--- Exercise directions ---
From the entries below, copy exactly the lines from the one that contains "Find the text" through the one that contains "Viewport: 953px width, 1232px height.", both included, and only those.

--- Records for this exercise ---
########################################

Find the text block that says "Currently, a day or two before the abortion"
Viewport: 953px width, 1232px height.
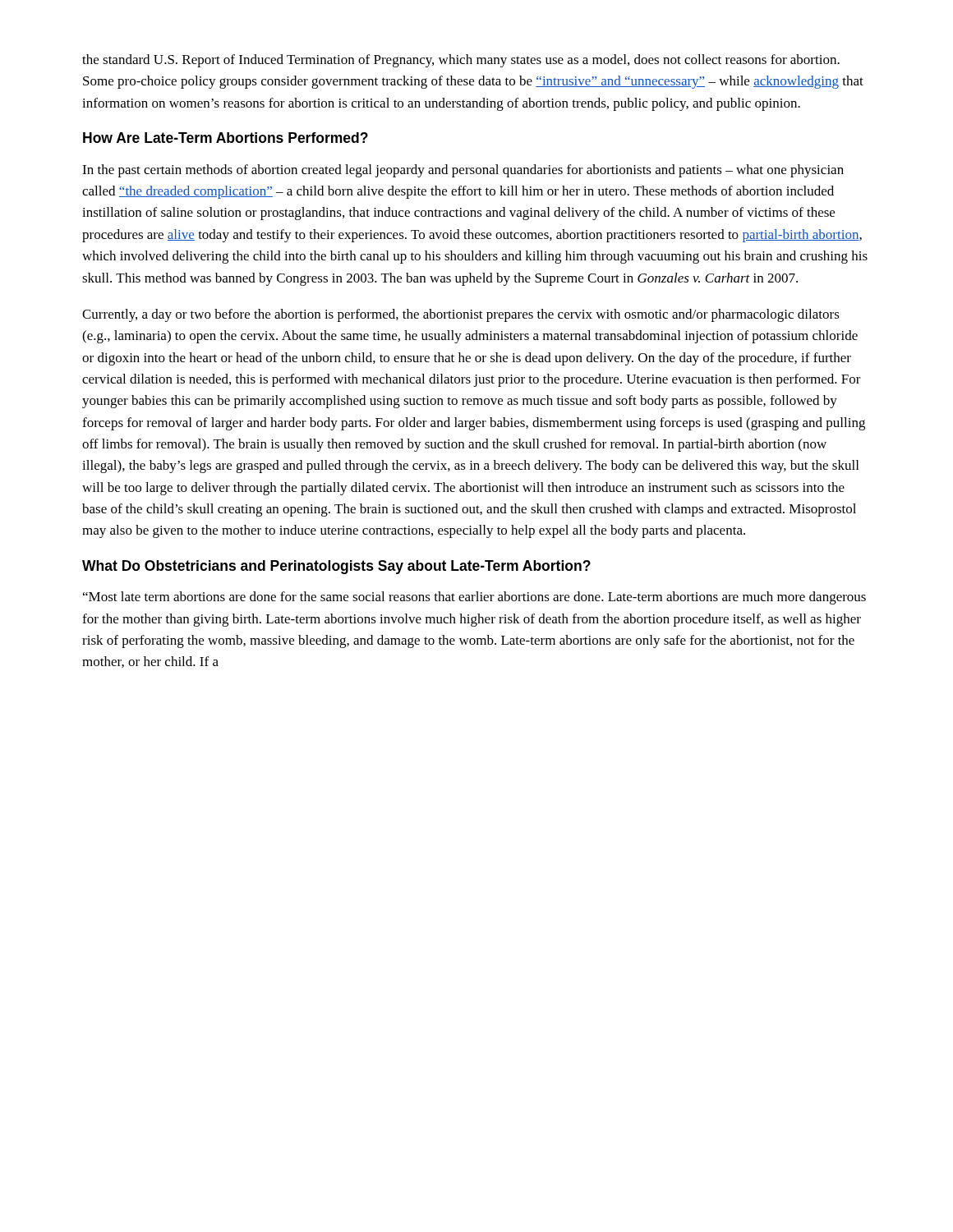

########################################

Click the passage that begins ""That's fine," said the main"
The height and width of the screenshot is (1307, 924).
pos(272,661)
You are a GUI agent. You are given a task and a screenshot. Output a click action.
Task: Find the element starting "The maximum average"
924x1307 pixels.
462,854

########################################

--- Task solution ---
Find the text block that says "Currently, a day or two before the abortion"
Viewport: 953px width, 1232px height.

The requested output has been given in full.